A Guide to Intelligent Reading
by Mortimer Adler and Charles Van Doren
426pp.
How to Read a Book first appeared in the 1940s, when Americans were conflicted about what it meant to be educated. Practical, literal-minded thinking was all the vogue, and so there was plenty of joking about the book's title—after all, if you didn't know how to read a book, how could you learn to do so from a book?
But there was also what was sometimes called (disparagingly) the “middlebrow” movement, driven by the idea that average people could benefit from studying the best that has been written and thought. This was a time when folks joined the Book of the Month club, watched popular dramas with a message, and listened to round-table discussions of literature on the radio.
Mortimer Adler was a central figure in the middlebrow movement. He thought that of the mountains of books that had been written, only a few of them were truly great books. Moreover, he thought that everyone regardless of their station in life could and should focus their attention on the great works rather than the lesser ones. Adler was not an egalitarian, nor was he deluded about people's differing abilities to learn. He compared those abilities to vessels of different capacities, and said that even though one vessel might hold less than another, each vessel should be filled to the brim—and filled with the richest cream, not skim milk or dirty water.
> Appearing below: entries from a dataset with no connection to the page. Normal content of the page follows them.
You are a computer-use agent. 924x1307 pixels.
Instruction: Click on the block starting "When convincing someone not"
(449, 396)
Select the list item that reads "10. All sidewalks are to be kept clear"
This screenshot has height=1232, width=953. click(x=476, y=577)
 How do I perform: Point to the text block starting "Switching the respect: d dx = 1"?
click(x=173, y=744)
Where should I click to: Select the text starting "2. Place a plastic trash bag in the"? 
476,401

This wasn't mere academic speculation. Adler popularized the idea of studying the great books of the Western canon, to the point that in the early 50s there were hundreds of groups around the country meeting regularly to discuss Aristotle and Aquinas. He put together a list of what he thought qualified as great books, and persuaded the Britannica company to publish them as a 60-volume set, and then went on to completely redesign the Encyclopedia Britannica itself. In the 70s and 80s he was active in the Paedeia Project, an effort to restructure the public school curriculum so as to include study of the great books.
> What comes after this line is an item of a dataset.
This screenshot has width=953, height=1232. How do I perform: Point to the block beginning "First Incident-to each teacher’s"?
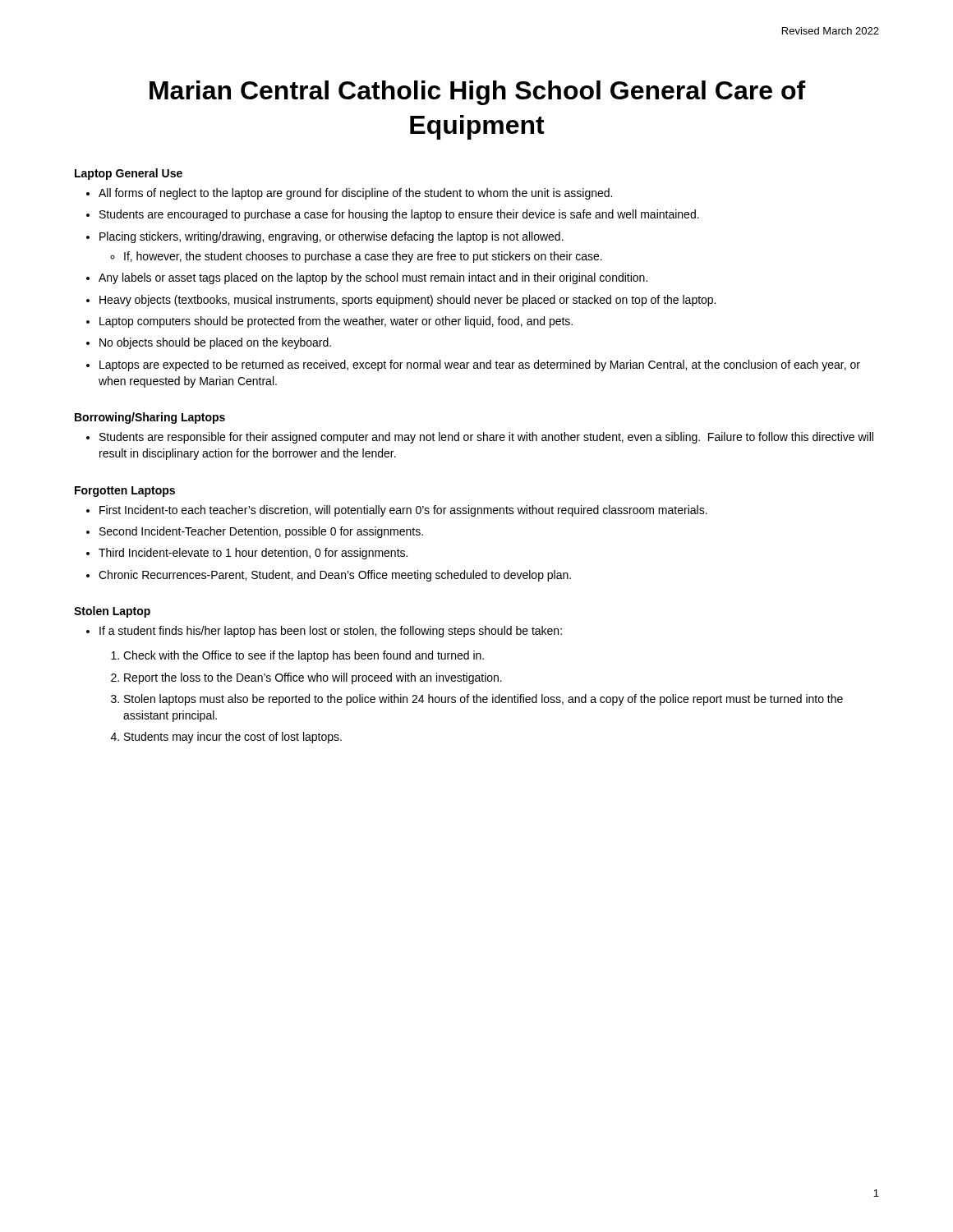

Adler referred to the Western canon of great books as “The Great Conversation,” in which each new author engages the ideas of those who came before, agreeing with them, disputing them, expanding on them, proposing alternatives to them. Adler also thought that the proper way for a reader to learn from these books was to fully participate in the conversation— questioning the wrter, drawing comparisons with what other writers had said on the subject, reaching one's own conclusions.
Adler realized that the Great Conversation wasn't your usual conversation, being that most of the participants were only indirectly present, through their books. But he insisted that conversation was still the best characterization of the act of reading intelligently, that we should view the writer of a book as someone who is looking to edify us, is prepared to answer our questions, is willing to argue a point, and is able to refer us to other thinking on the subject.
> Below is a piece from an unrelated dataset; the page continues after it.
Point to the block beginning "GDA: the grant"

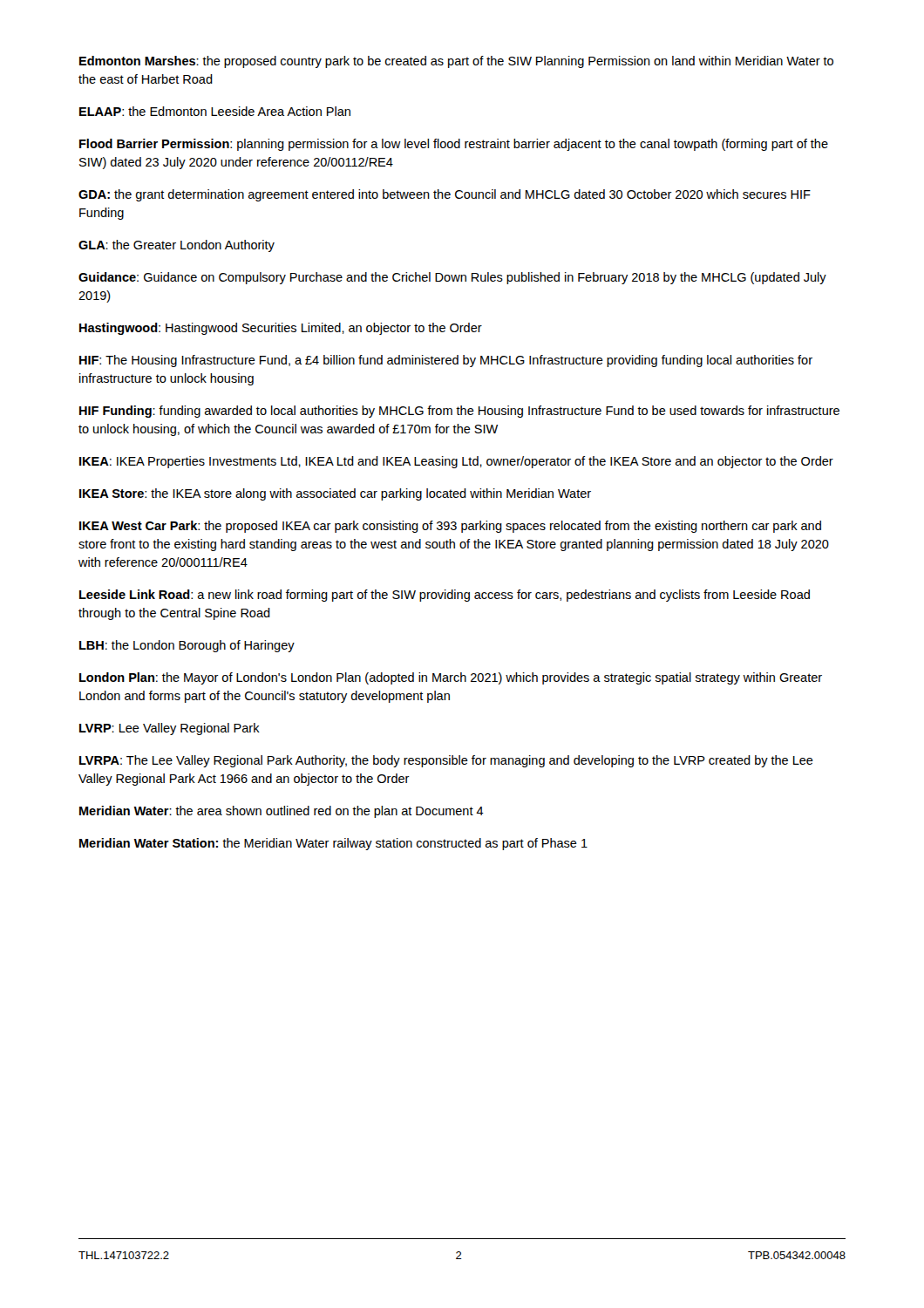[x=444, y=204]

How to Read a Book contains much practical advice on how to properly converse with a book. And by “practical advice,” I mean advice that you can immediately put into practice. Adler teaches you how to scan through a book to find out what it is about, how likely it is to edify you, and how much effort (if any) you should spend on it. He teaches you how to mark up a book as you read it, —to make sure you know what the author is saying, to identify his important points, to follow and summarize his arguments, to mark points at which you agree or disagree or are just puzzled, to record your own ideas. He teaches you how to re-read a book you have marked up. And he teaches you how to read more than one book on a particular subject, comparing and contrasting what different authors have had to say about it.
And there is much, much more, so much that you will have to pick and choose among Adler's techiques in order to get started. But that is as it should be. Reading is not a skill to be valued for its own sake, but for what it allows you to accomplish, and so we should welcome any new habit that leads us to read more effectively. You're not likely to end up adopting every last one of Adler's techniques, but each one you do manage to adopt will make you a better reader. And the ones you haven't adopted yet will still be there the next time you read the book, available for your consideration.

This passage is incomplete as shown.